A couple of weeks ago I saw the entire Formula E field race around Donington Park. Here’s what Heidfeld’s car looks like when it’s racing and in one piece.
On Saturday they were racing again. But this time on the streets around the Olympic stadium in Beijing.
These are everyday, normal streets that for one day became the venue for the most high-tech racing series in the world, Formula E. There are nine more races, all street circuits. The series culminates in London next July. As all the races are street circuits, the race organisers install temporary kerbs to make the track.
One type of kerb used is a ‘sausage kerb’. It gets its name because of its sausage-like shape. It was the sausage kerb that launched Heidfeld into the air on Saturday.
To make this all the more interesting, Prost was in the lead of the race. Heidfeld was second. And the corner they were heading to was the final corner on the final lap. The winner would have been the first ever winner of a Formula E race.
Instead this happened…
That’s Heidfeld just after hitting the sausage kerb and taking off. Yes, he’s airborne at this stage.
Just a few seconds later he hits the wall at well over 100kph. He flips and lands upside down. This is what Heidfeld’s car looked like when it came to rest…with him still in it. That’s one mangled mess.
Watching it at the time I thought Heidfeld was a goner. As I said before, in any other car, Heidfeld would have been dead.
But about three seconds after the crash, he crawled out from beneath the wreck. He then sprinted over to Prost to remonstrate with him over the crazy move.
Heidfeld was very much alive, very much in one piece and very much annoyed.
There’s only one reason why Heidfeld is still alive. And that’s the supreme safety of the Formula E cars. These high-tech Formula E cars, aside from being fully electric, are nothing short of extraordinary when it comes to their construction.

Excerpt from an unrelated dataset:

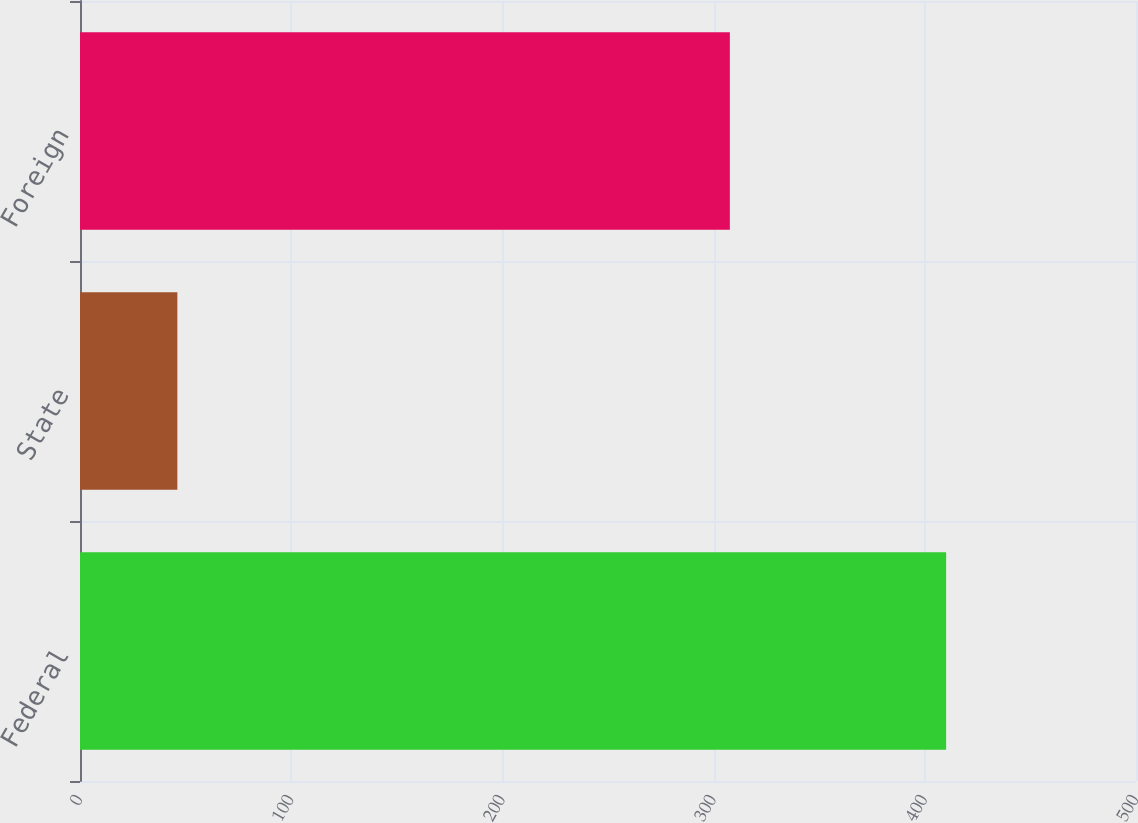Convert chart. <chart><loc_0><loc_0><loc_500><loc_500><bar_chart><fcel>Federal<fcel>State<fcel>Foreign<nl><fcel>410.1<fcel>46.1<fcel>307.7<nl></chart> 
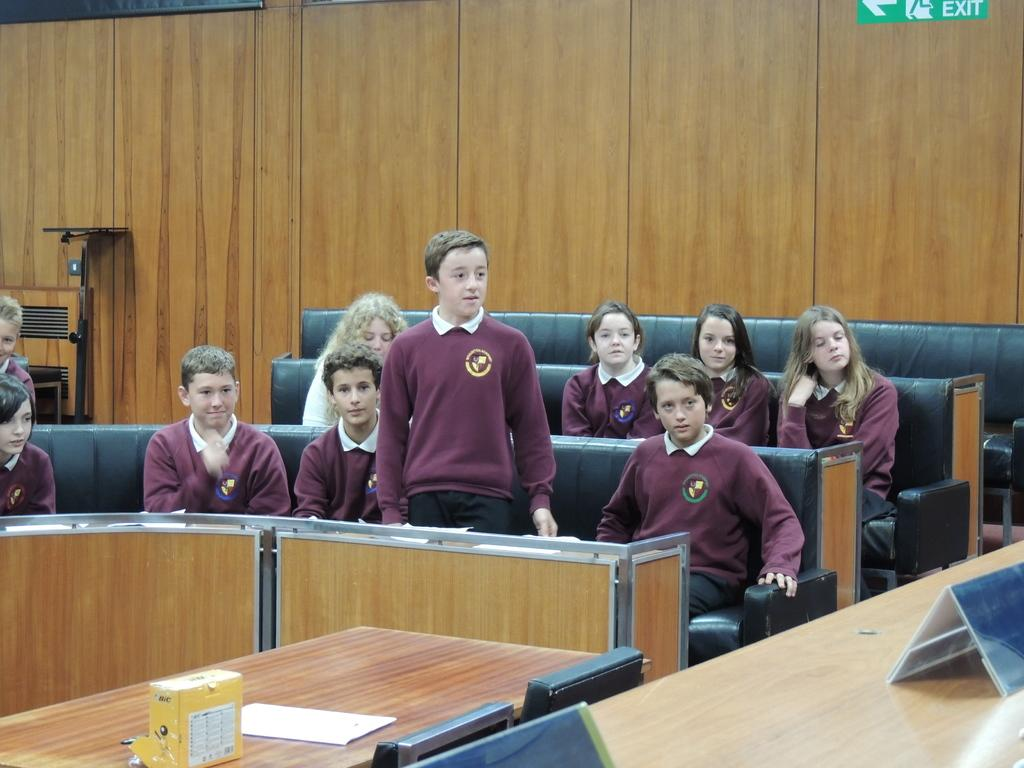What is the main subject of the image? The main subject of the image is a group of people. Where are the people located in the image? The people are sitting in the center of the image. What can be seen on the right side of the image? There is a table on the right side of the image. How does the stranger wash their hands in the image? There is no stranger present in the image, so it is not possible to determine how they might wash their hands.

The Dallara Group built all the cars for the first Formula E season. Dallara is a specialist racecar manufacturer. But more than that, they’re specialists in carbon fibre.

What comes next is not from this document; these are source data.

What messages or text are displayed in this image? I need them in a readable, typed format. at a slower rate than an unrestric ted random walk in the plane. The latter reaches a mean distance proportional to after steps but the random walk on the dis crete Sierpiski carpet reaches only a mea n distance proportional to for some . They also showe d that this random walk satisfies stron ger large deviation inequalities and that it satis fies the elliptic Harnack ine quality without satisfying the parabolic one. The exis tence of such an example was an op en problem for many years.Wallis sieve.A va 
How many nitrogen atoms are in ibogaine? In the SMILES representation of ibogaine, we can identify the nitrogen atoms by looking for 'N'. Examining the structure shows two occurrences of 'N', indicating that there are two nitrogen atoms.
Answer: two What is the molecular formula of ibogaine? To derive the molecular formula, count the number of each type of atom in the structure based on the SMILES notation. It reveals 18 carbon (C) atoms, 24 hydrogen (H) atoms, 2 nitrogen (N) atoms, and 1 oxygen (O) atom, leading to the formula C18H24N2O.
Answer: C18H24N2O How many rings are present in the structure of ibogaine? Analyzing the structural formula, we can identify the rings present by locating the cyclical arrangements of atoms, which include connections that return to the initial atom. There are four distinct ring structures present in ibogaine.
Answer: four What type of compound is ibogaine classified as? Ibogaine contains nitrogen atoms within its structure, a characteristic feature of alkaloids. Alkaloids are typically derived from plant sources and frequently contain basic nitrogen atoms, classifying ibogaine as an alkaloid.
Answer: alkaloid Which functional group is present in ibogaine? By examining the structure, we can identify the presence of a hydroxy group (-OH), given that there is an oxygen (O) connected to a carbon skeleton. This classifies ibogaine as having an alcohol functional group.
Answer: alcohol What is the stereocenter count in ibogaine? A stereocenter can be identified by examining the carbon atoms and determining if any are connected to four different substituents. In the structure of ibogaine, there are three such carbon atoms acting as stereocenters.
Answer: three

You see, the Formula E cars all have a carbon fibre monocoque. That means the cars’ strength and rigidity is their structural skin. And it’s all carbon fibre.
The main benefits of carbon fibre are its high strength and extremely lightweight properties. This is why it’s the only material race cars like Formula E and Formula 1 use.
When you see a driver hit a wall airborne, flip twice, land upside down and walk away, you know this is one special, super material.
Not only high-tech racing cars benefit from carbon fibre technology. Your average road car maker is now also using more carbon fibre in the cars you and I drive.
The benefit to carmakers is they can build far lighter and far stronger cars. By making the car lighter, you also make it more fuel efficient. And by making it stronger, you also make it safer.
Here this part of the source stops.